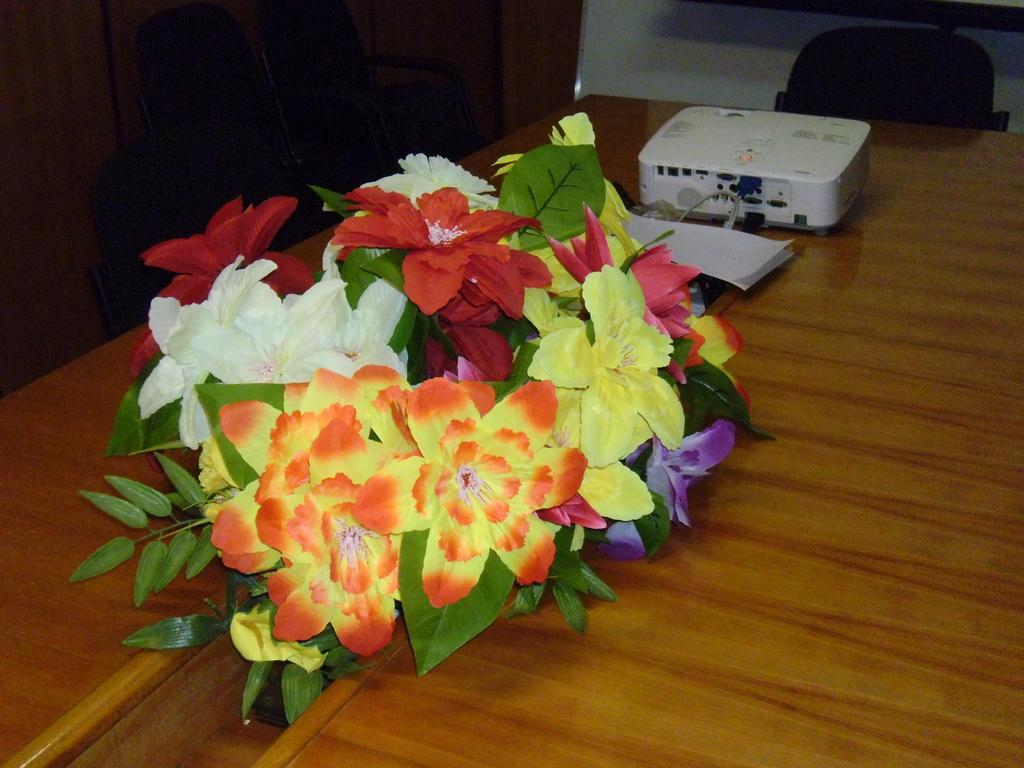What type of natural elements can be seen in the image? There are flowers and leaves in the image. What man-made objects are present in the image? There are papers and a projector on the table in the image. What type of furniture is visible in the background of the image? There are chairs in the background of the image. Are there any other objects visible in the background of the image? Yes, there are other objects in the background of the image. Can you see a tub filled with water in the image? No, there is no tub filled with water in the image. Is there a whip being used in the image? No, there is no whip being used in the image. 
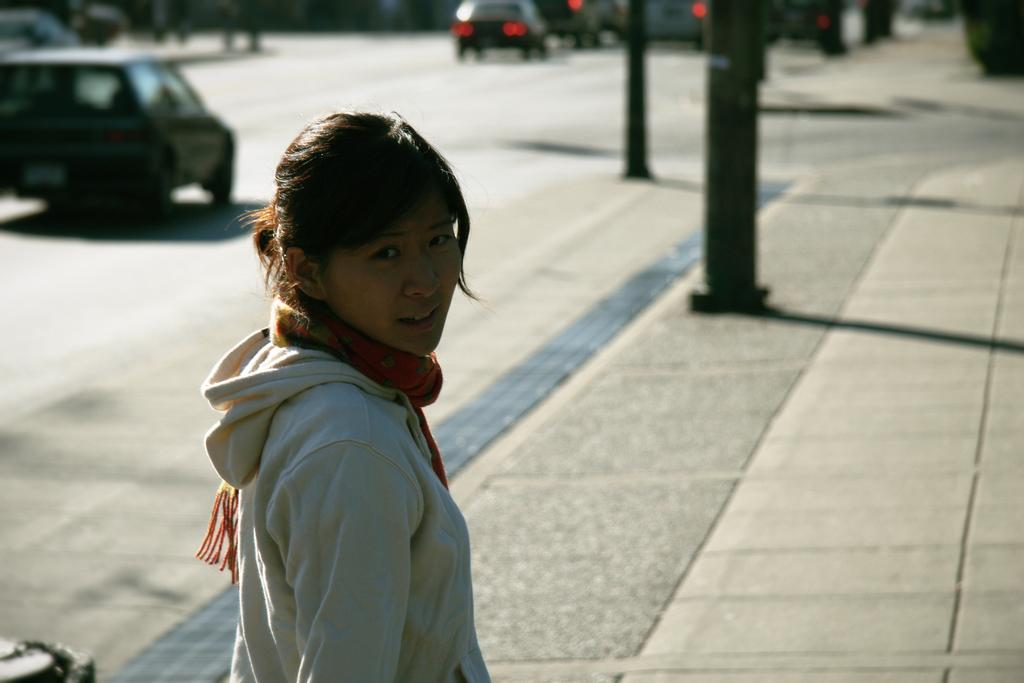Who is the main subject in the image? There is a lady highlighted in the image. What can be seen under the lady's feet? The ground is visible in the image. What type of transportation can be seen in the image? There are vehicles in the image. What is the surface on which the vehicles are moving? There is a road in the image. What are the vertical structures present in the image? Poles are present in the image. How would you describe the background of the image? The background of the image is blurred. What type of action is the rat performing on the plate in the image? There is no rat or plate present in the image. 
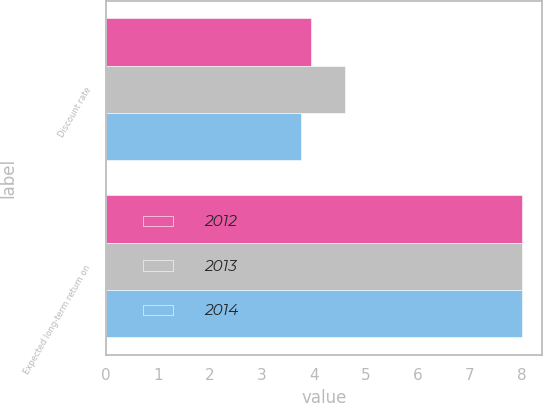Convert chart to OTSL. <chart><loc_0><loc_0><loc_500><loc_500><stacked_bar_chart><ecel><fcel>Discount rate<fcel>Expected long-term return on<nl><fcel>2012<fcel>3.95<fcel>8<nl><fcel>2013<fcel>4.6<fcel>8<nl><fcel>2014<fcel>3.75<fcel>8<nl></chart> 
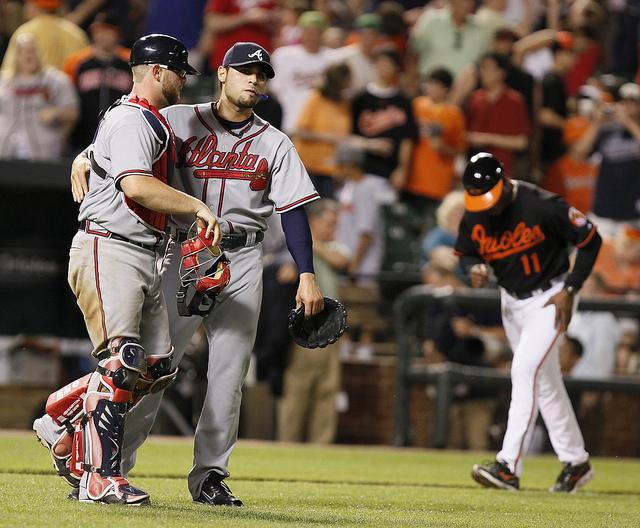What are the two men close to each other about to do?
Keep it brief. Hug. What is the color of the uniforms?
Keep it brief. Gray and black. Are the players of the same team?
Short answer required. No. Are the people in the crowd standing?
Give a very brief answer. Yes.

++++++++++++++++++++

Required action: Using the material, find how many lines hold the word "Keep". Give the number by itself.

Solution for this exercise: 2